• **What you have to do**
Within the records below is a range that opens at the line with "<artifactId>bson</artifactId>" and closes at the line with "</project></code>". Return that range word for word, both ends included, and only that range.

• **Extracted material**
□ □ □ □
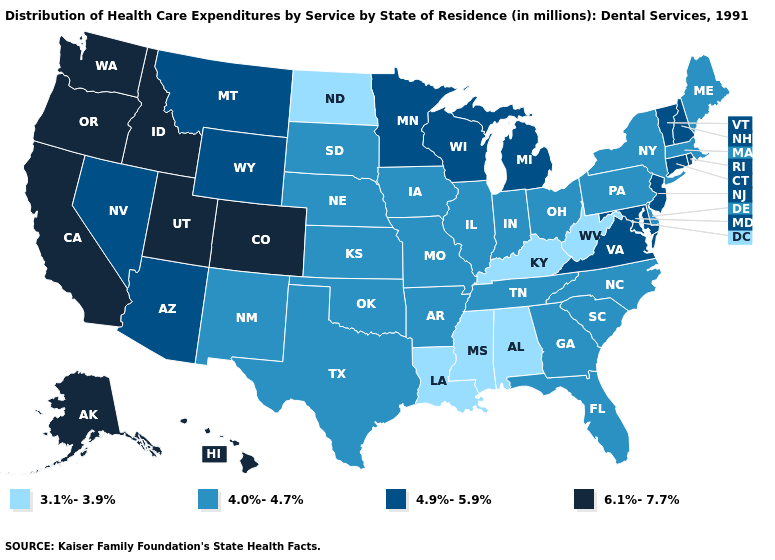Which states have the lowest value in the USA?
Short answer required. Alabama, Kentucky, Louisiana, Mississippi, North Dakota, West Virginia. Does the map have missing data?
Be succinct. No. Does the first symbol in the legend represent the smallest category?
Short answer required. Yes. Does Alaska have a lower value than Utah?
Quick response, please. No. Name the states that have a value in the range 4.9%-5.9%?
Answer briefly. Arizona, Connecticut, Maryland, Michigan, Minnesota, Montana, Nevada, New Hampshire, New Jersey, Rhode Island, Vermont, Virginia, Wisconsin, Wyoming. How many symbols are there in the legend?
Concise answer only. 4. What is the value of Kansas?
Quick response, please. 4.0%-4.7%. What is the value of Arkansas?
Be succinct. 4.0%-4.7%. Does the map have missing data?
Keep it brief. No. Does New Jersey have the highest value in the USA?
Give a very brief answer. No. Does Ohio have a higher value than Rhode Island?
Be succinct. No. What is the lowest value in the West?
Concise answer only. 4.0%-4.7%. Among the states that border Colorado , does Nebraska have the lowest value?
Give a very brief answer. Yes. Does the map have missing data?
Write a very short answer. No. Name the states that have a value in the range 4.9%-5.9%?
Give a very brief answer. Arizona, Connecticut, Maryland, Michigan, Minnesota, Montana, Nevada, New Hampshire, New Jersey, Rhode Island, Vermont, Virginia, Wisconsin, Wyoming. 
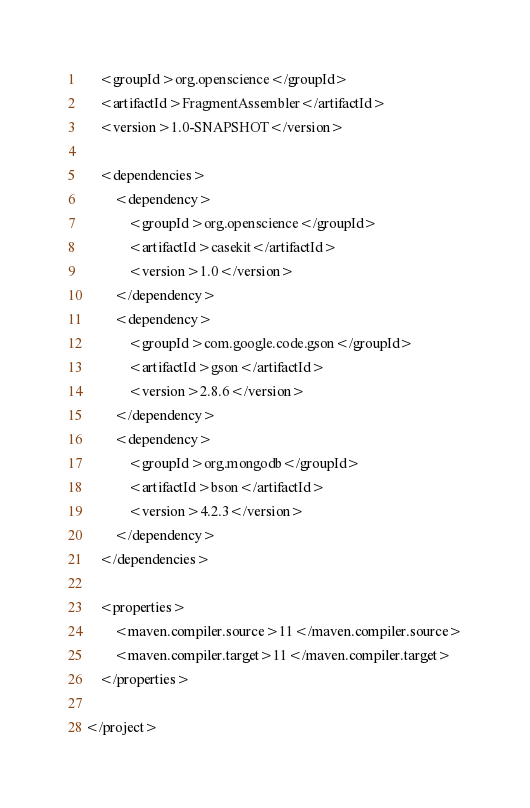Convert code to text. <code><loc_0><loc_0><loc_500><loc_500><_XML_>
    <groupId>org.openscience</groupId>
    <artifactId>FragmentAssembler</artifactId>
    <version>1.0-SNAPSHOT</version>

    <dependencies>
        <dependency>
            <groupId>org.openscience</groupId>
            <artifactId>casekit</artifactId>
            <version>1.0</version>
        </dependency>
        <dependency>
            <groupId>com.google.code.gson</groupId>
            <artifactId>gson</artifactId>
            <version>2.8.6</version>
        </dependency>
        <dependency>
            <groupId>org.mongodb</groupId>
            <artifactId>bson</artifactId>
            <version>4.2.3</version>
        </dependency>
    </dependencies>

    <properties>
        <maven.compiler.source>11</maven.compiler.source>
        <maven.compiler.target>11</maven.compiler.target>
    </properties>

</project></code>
□ □ □ □
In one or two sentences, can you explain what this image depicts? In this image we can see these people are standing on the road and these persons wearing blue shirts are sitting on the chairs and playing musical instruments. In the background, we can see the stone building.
□ □ □ □
• **Answer to this task**
            <artifactId>bson</artifactId>
            <version>4.2.3</version>
        </dependency>
    </dependencies>

    <properties>
        <maven.compiler.source>11</maven.compiler.source>
        <maven.compiler.target>11</maven.compiler.target>
    </properties>

</project></code>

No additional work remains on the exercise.